Starting relay (potential relay?) can also be faulty.

If starting system is fine, then you're compressor is almost retired :)

kurt854
21-06-2008, 02:06 PM
thanks peter, yes i tried a new capacitor and a BOOSTER capacitor but no help there. the thermal overload would just keep it from starting. but it was not hot or even warm. its a brand new unit doing this out of the box so i think the thermal overload is just acting up. just oredered a new compressor.

star882
21-06-2008, 03:58 PM
Check to make sure the voltage is within range while starting.

monkey spanners
21-06-2008, 05:02 PM
Whats the suction pressure at when the compressor is trying to start?

I think a big difference between the suction and discharge is what causes the problem with low starting torque compressors, a high discharge pressure and a high suction pressure wouldn't cause a problem.

If the system is not equalising after shutting off, try bleeding some refrigerant slowly between the high and low sides with your gauges when the system is off and see if this makes a difference. If it does it may be that the bleed port is blocked in the tev, check out the Sporlan valves site for an explanation on bleed port tevs.

http://sporlan.jandrewschoen.com/literature.shtm

Page 12 of bulletin 10-9 has a bit about off cycle pressure equalization/bleed ports.

Jon

Electrocoolman
21-06-2008, 11:21 PM
Hi,
Is it a PSC or a CSR compressor motor starting system?

A PSC will only have one run capacitor, possibly 30 uF, and is low starting torque.

A CSR will have 2 separate capacitors, one run as above but also one start (100+ uF) as well as a Relay, probably potential type. This is high starting torque.

You can normally get the same compressor with both types of starting systems. It will be cheaper to buy a new set of electrics of the CSR type than a new compressor!
You could have an undervoltage problem on startup....i.e connected to a power ciruit that is underrated.

I've recently had a similar problem where the compressor was tight and poor circuit capacity gave voltage drop.

Also it could be advantageous to incorporate a delay timer in the control circuit.

Have you got a crankcase heater on unit? Was it left to heat up before starting.

Good luck.

Larry2
23-06-2008, 03:14 AM
You say you think it is off on thermal protection. This is an assumption that is not proven by measurements you report so far.

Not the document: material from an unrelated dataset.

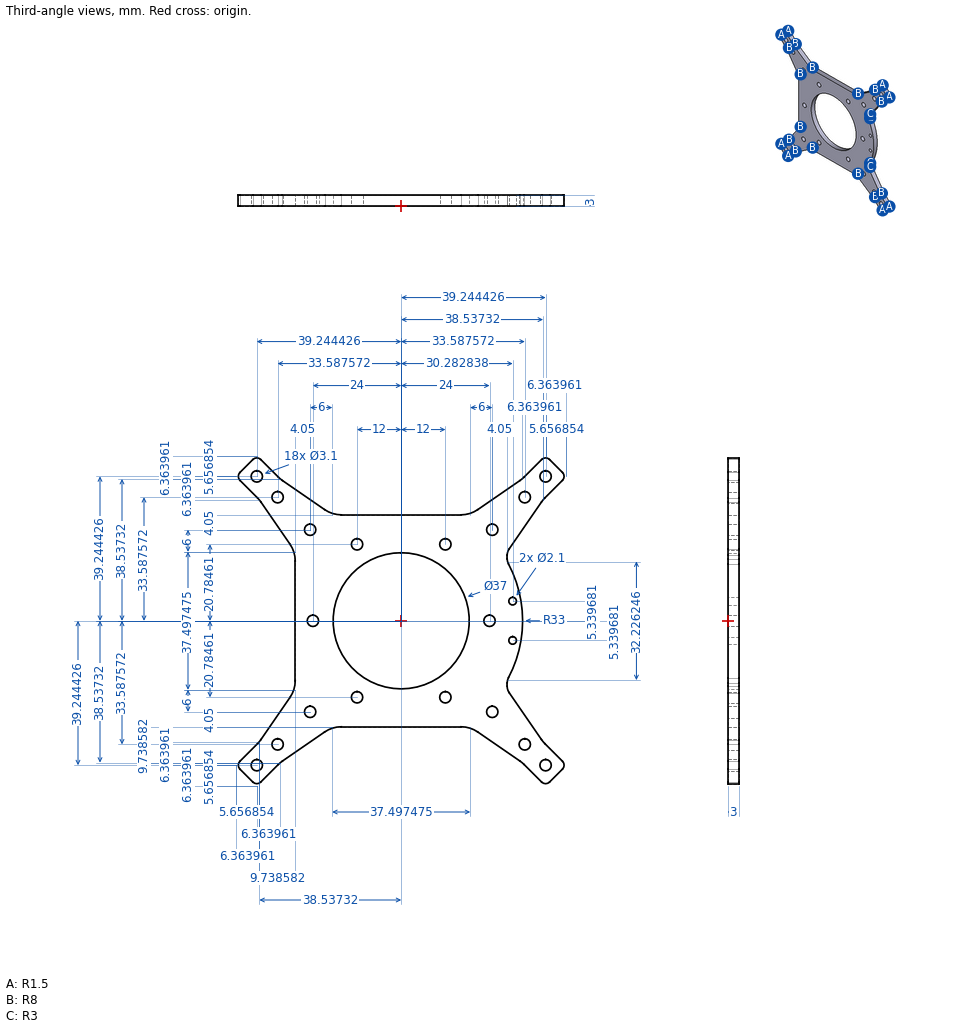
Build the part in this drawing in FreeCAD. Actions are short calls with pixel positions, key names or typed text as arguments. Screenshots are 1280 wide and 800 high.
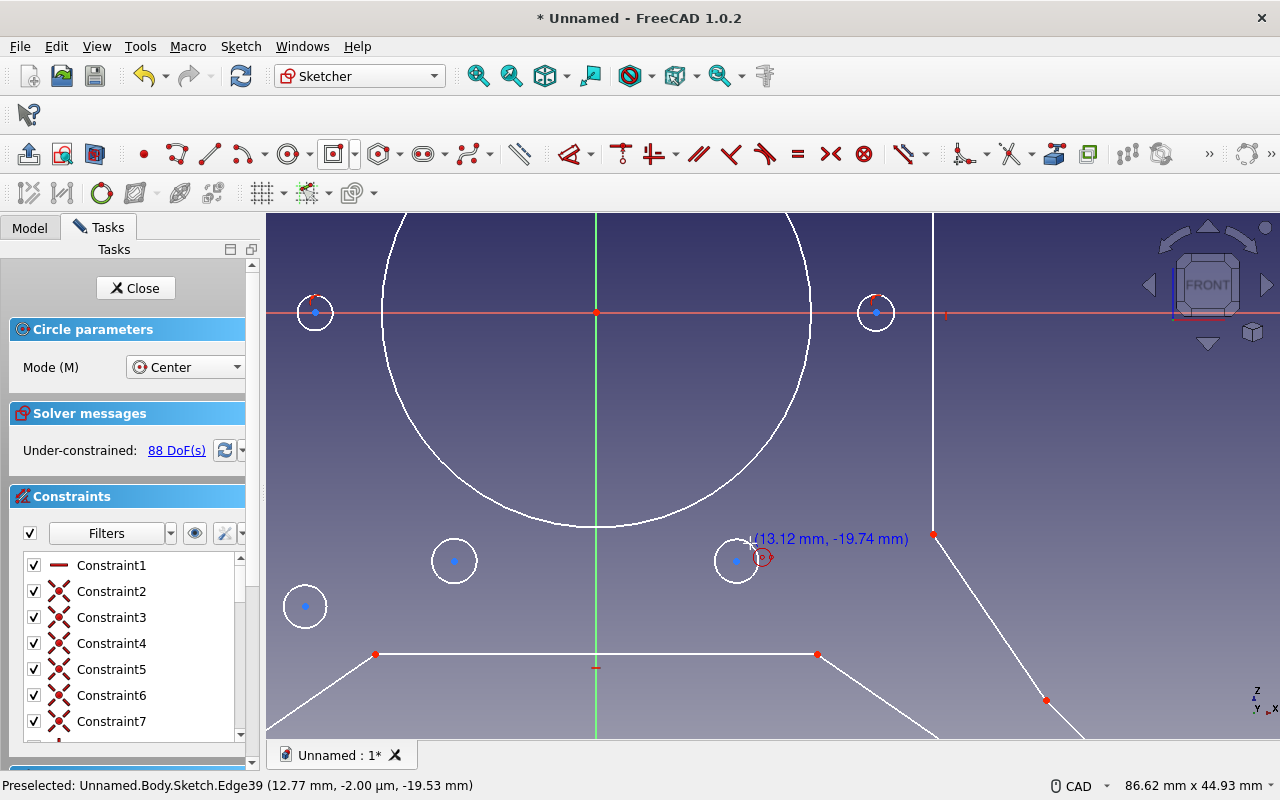
scroll(886, 603, up, 2)

Thermal protection will disable the compressor when the windings get overheated. They can "act up" but it's not often, especially when they are successful in resetting.

That leaves you with the important issue of diagnosing the cause of the problem. If you don't have flow of cold refrigerant to cool the windings, the overload will turn the compressor off after a while. Noncondensibles in the system might cause that too, since the thermal device may be located near the discharge path where noncondensibles cause high discharge temperatures. Your problem can be from a bad expansion device, a restriction in the system, restricted air flow through the condensor or evaporator or just a run cap short of value or leaking. Your problem can also be from a short between winding turns that causes winding heating and excessive current draw. If the system was not properly comissioned and has moisture in it, there could be copper plating in the bearings and parts that make the compressor "tight".

It is important that you make a diagnosis so you prevent an early failure of your repair. If you are right that your compressor failed, you want to know WHY. Otherwise, you can install a fresh compressor and burn it down too, or get short life span from it.

I will refer back to my earlier discussion about "tie wraps" used to fasten the expansion valve sensing bulb that caused my system to have a wrong superheat. I would not have found this installation error in the end of the system I was not replacing if I had not measured superheat. The new system was chargred "by the charts" and the system cooled well even with this fault. The brand new condenser unit would have failed young without this mistake and problem corrected.

I know guys here sound like they are being sticklers for getting information and measurements, but when you have a failed system, these measurements are your best hope of not visiting the issue again.